• _What to do_
Identify the line in which "picture [41, 47, 231, 172]" appears, then reproduce that line and all remaining lines of the records word for word.
⟨
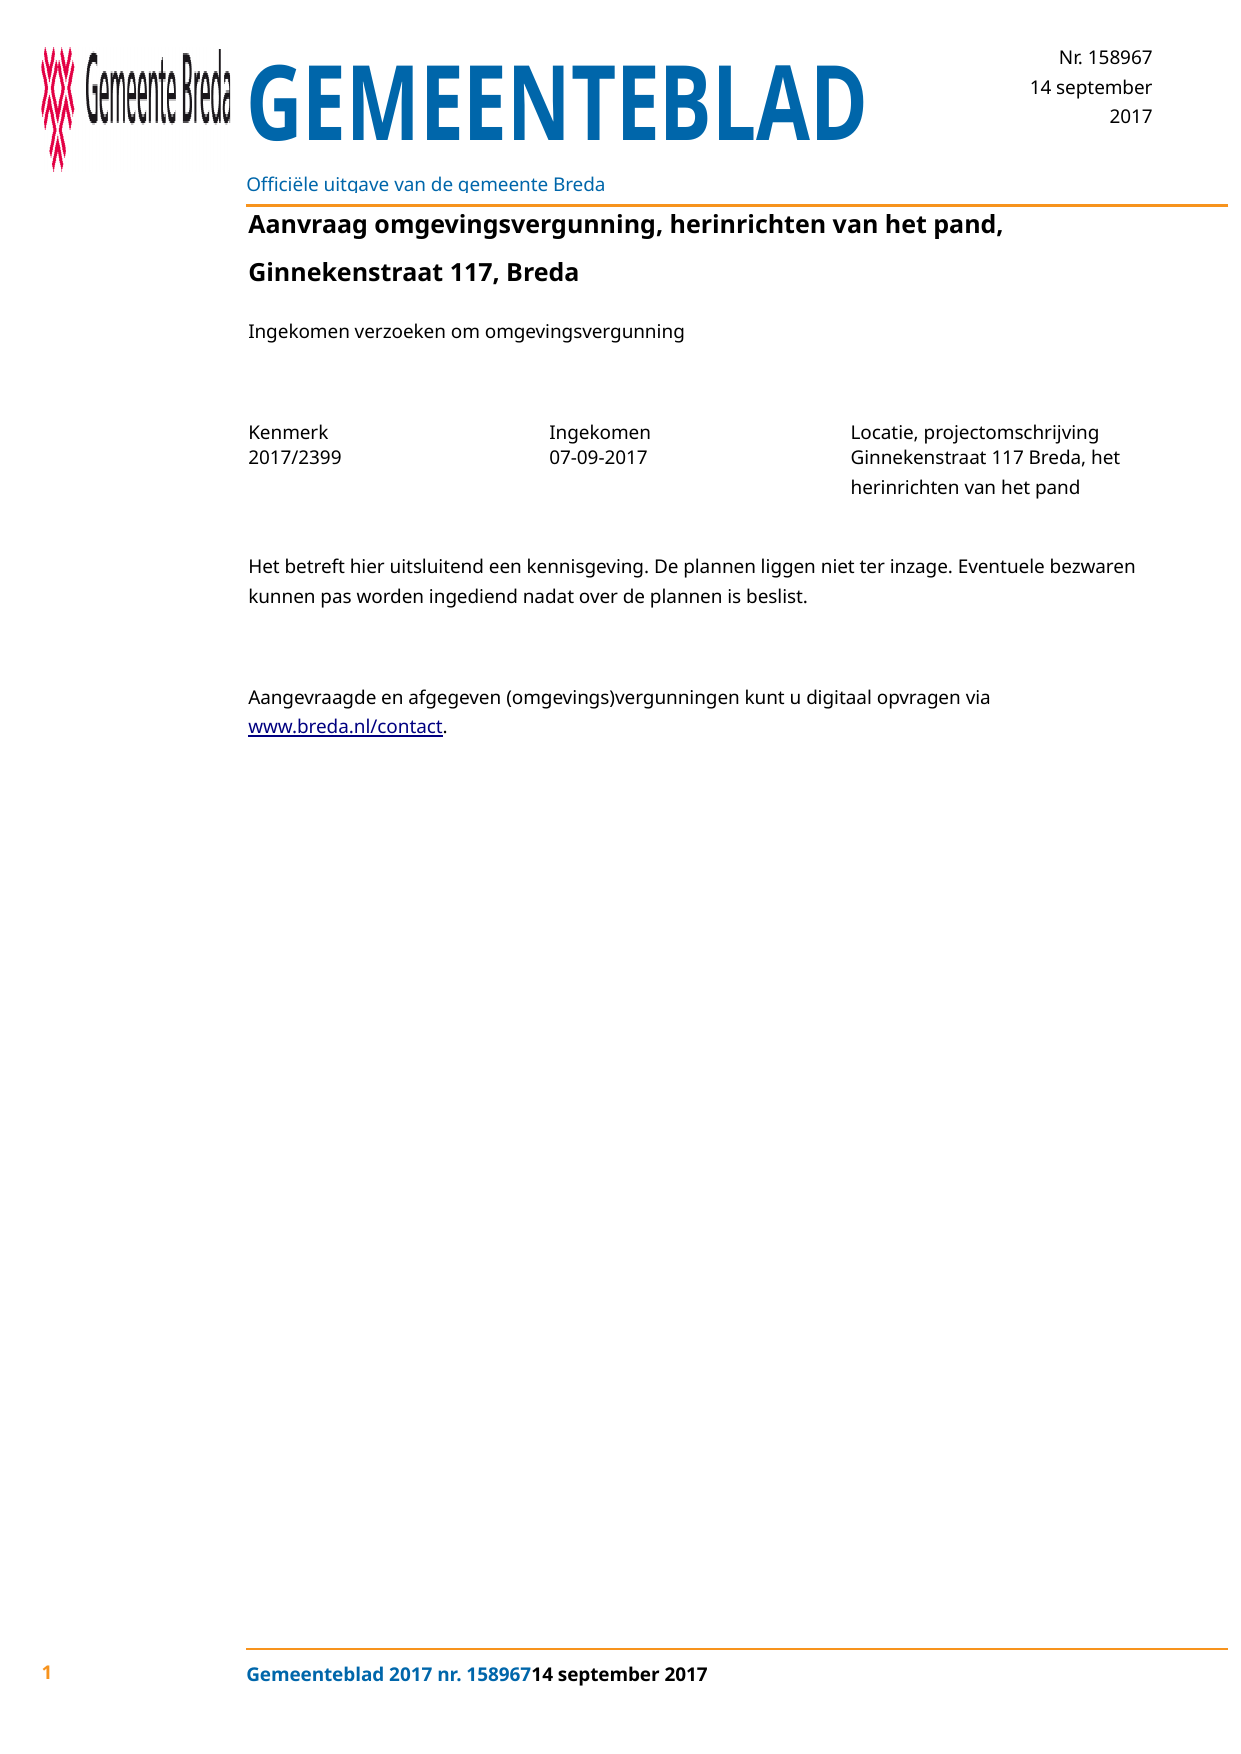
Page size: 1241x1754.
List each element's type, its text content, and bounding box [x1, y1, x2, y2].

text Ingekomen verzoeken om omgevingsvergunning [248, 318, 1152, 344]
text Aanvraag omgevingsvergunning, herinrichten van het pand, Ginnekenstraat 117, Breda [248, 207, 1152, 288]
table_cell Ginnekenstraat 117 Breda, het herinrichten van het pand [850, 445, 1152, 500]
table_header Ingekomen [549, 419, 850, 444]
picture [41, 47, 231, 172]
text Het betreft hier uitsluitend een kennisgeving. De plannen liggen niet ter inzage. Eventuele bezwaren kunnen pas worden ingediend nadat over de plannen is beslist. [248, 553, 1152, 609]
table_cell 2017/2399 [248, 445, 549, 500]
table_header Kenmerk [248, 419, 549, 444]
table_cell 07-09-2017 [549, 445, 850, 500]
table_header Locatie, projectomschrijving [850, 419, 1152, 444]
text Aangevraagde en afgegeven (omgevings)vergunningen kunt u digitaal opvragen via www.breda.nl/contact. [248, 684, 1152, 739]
⟩
• _Written response_
picture [41, 47, 231, 172]
text Het betreft hier uitsluitend een kennisgeving. De plannen liggen niet ter inzage. Eventuele bezwaren kunnen pas worden ingediend nadat over de plannen is beslist. [248, 553, 1152, 609]
table_cell 2017/2399 [248, 445, 549, 500]
table_header Kenmerk [248, 419, 549, 444]
table_cell 07-09-2017 [549, 445, 850, 500]
table_header Locatie, projectomschrijving [850, 419, 1152, 444]
text Aangevraagde en afgegeven (omgevings)vergunningen kunt u digitaal opvragen via www.breda.nl/contact. [248, 684, 1152, 739]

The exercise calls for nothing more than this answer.